*** Opening RECORDED DATA ***

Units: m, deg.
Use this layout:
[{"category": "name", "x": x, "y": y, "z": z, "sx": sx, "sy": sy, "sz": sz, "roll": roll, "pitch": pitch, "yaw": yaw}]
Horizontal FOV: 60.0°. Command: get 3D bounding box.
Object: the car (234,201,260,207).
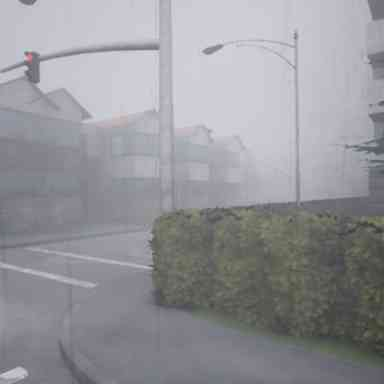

*** Closing RECORDED DATA ***

## EXERCISE GOAL
From the first line to the last, write out the data exactly, omitting any pictures.

## RESULT OF THE EXERCISE
Units: m, deg.
Use this layout:
[{"category": "name", "x": x, "y": y, "z": z, "sx": sx, "sy": sy, "sz": sz, "roll": roll, "pitch": pitch, "yaw": yaw}]
Horizontal FOV: 60.0°. Command: get 3D bounding box.
Object: the car (234,201,260,207).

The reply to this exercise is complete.